Google’s DeepMind team has developed a new system for teaching robots novel tasks. The system, called Robotics Transformer 2 (RT-2), the first vision-language-action (VLA) model for robot control which is based on a transformer architecture, which is a type of neural network that is well-suited for natural language processing tasks. RT-2 is able to learn from a small number of demonstrations and generalize to new tasks.

RT-2 is a versatile AI system that can learn and adapt to new situations. It can learn from multiple data sources, including the web and robotics data, to understand both language and visual input. This allows RT-2 to perform tasks that it has never encountered nor been trained to perform.

References image from Google DeepMind

Adapted Existing Model

DeepMind team redesigned Pathways Language and Image Model (PaLI-X) and Pathways Language Model Embodied (PaLM-E) which are two existing models, to train RT-2.

PaLI-X assists the model process visual data, trained on massive amounts of images and visual information with other corresponding descriptions and labels online. With PaLI-X, RT-2 can recognize different objects, understand its surrounding scenes for context, and relate visual data to semantic descriptions.

PaLM-E assists RT-2 interpret language, so it can easily understand instructions and relate them to what is around it and what it’s currently doing. 

These two models enable a robot to understand language and visual data and subsequently generate the appropriate actions it needs.

DeepMind’s Distinguished Scientist and Head of Robotics, Vincent Vanhoucke, said that RT-2 “shows improved generalization capabilities and semantic and visual understanding beyond the robotic data it was exposed to.” He also said that the system “allows robots to effectively transfer concepts learned on relatively small datasets to different scenarios.”

One of the challenges of teaching robots novel tasks is that robots need to be able to understand the context of the task. For example, if a robot is asked to “throw away the trash,” it needs to be able to understand that the trash is an object that needs to be disposed of. RT-2 is able to do this by learning the semantic meaning of words and phrases.

RT-2 has been tested on a variety of tasks, including picking and placing objects, opening drawers, and sorting objects. The system has been shown to be able to learn these tasks from a small number of demonstrations and generalize to new tasks.

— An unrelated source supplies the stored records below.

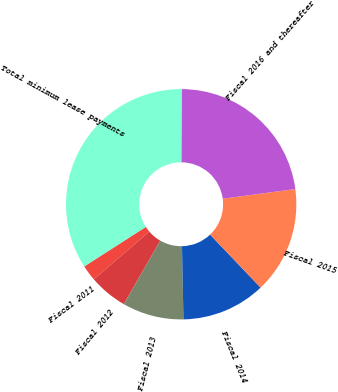Convert chart to OTSL. <chart><loc_0><loc_0><loc_500><loc_500><pie_chart><fcel>Fiscal 2011<fcel>Fiscal 2012<fcel>Fiscal 2013<fcel>Fiscal 2014<fcel>Fiscal 2015<fcel>Fiscal 2016 and thereafter<fcel>Total minimum lease payments<nl><fcel>2.22%<fcel>5.41%<fcel>8.61%<fcel>11.8%<fcel>14.99%<fcel>22.83%<fcel>34.14%<nl></chart> 
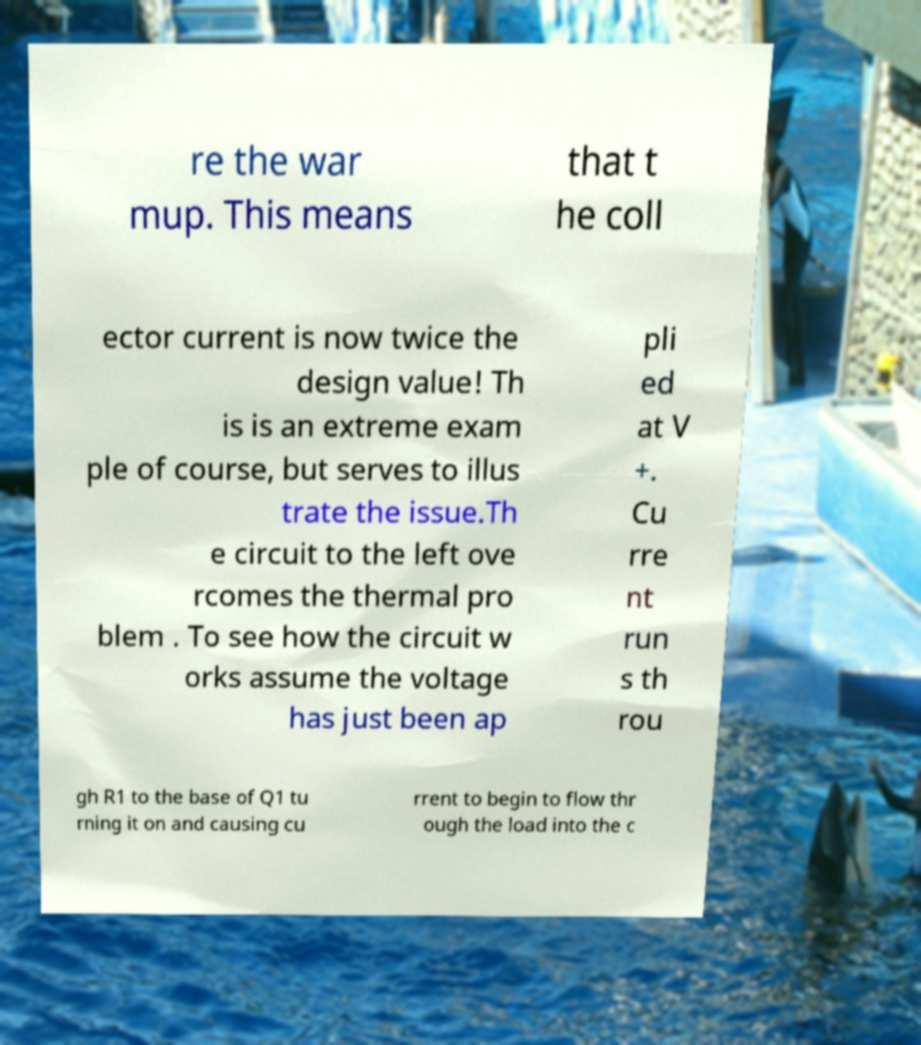Could you extract and type out the text from this image? re the war mup. This means that t he coll ector current is now twice the design value! Th is is an extreme exam ple of course, but serves to illus trate the issue.Th e circuit to the left ove rcomes the thermal pro blem . To see how the circuit w orks assume the voltage has just been ap pli ed at V +. Cu rre nt run s th rou gh R1 to the base of Q1 tu rning it on and causing cu rrent to begin to flow thr ough the load into the c 
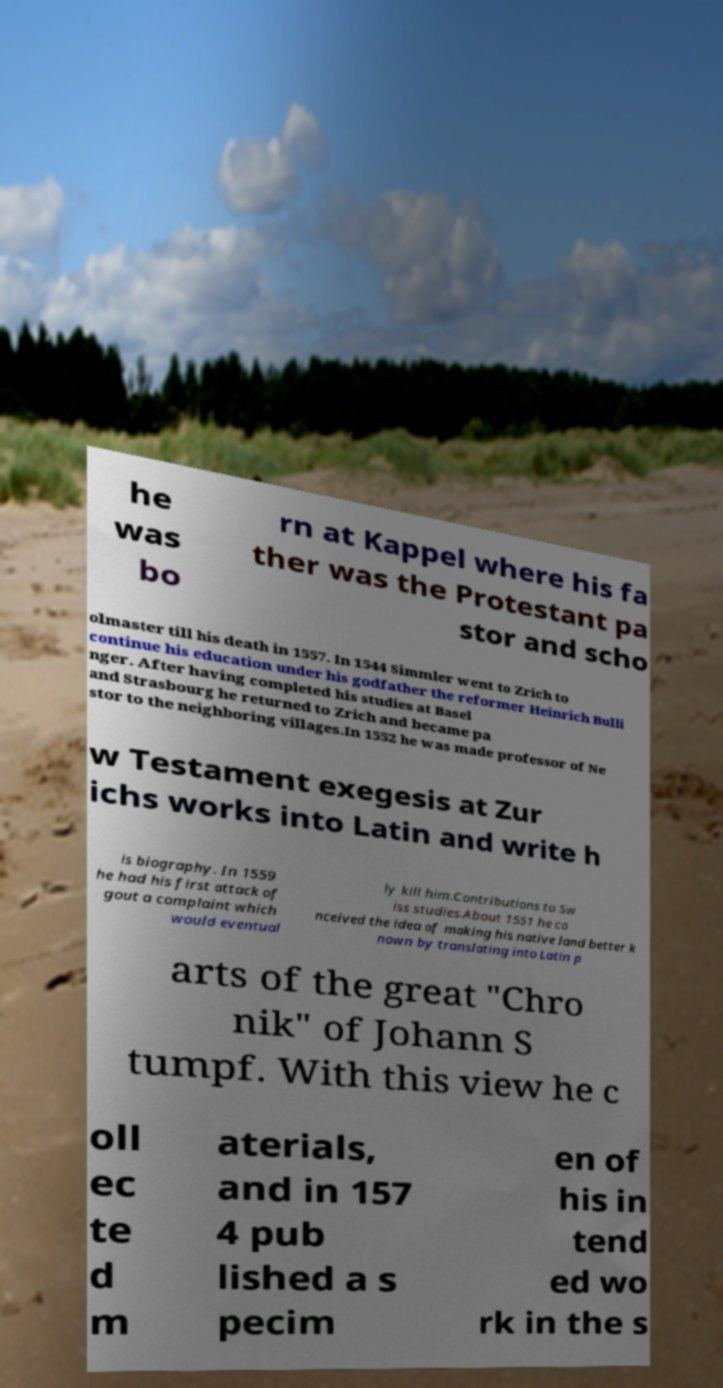Can you accurately transcribe the text from the provided image for me? he was bo rn at Kappel where his fa ther was the Protestant pa stor and scho olmaster till his death in 1557. In 1544 Simmler went to Zrich to continue his education under his godfather the reformer Heinrich Bulli nger. After having completed his studies at Basel and Strasbourg he returned to Zrich and became pa stor to the neighboring villages.In 1552 he was made professor of Ne w Testament exegesis at Zur ichs works into Latin and write h is biography. In 1559 he had his first attack of gout a complaint which would eventual ly kill him.Contributions to Sw iss studies.About 1551 he co nceived the idea of making his native land better k nown by translating into Latin p arts of the great "Chro nik" of Johann S tumpf. With this view he c oll ec te d m aterials, and in 157 4 pub lished a s pecim en of his in tend ed wo rk in the s 
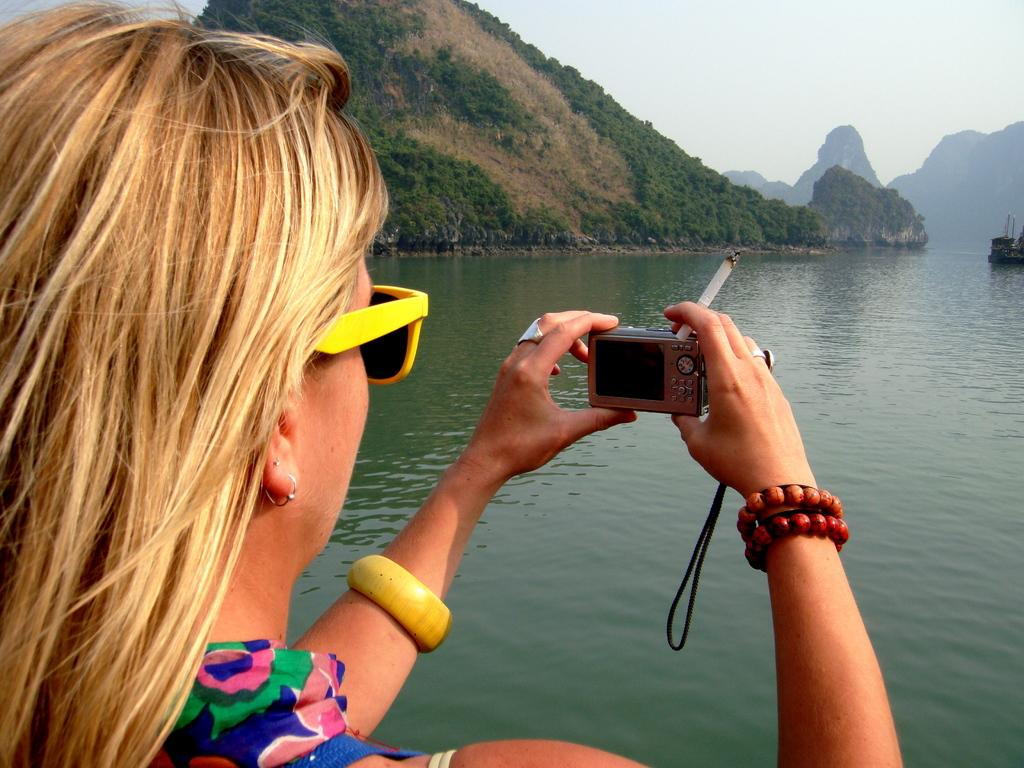Who is present in the image? There is a woman in the image. What is the woman doing in the image? The woman is standing in the image. What objects is the woman holding? The woman is holding a camera and a cigarette in the image. What can be seen in the background of the image? There is a river in front of the woman in the image. How many kittens are playing with the wren near the river in the image? There are no kittens or wrens present in the image.

Vanhoucke said that RT-2 is “a significant step forward in the development of robots that can learn and adapt to new situations.” He said that the system “has the potential to make robots more useful and versatile in a wide range of settings.”

RT-2 possible applications:

  • It can learn from a small number of demonstrations. This means that robots can be trained more quickly and efficiently.
  • It can generalize to new tasks. This means that robots can be used in a wider range of settings.
  • It can understand the context of tasks. This means that robots can be more efficient and effective at completing tasks.

RT-2 has the potential to revolutionize the way robots are used. It could make robots more useful and versatile in a wide range of settings. For example, RT-2 could be used to train robots to perform tasks in warehouses, factories, and hospitals. It could also be used to train robots to help people with disabilities.

The development of RT-2 is a significant step forward in the field of robotics. It is a promising new technology that has the potential to make robots more useful and versatile.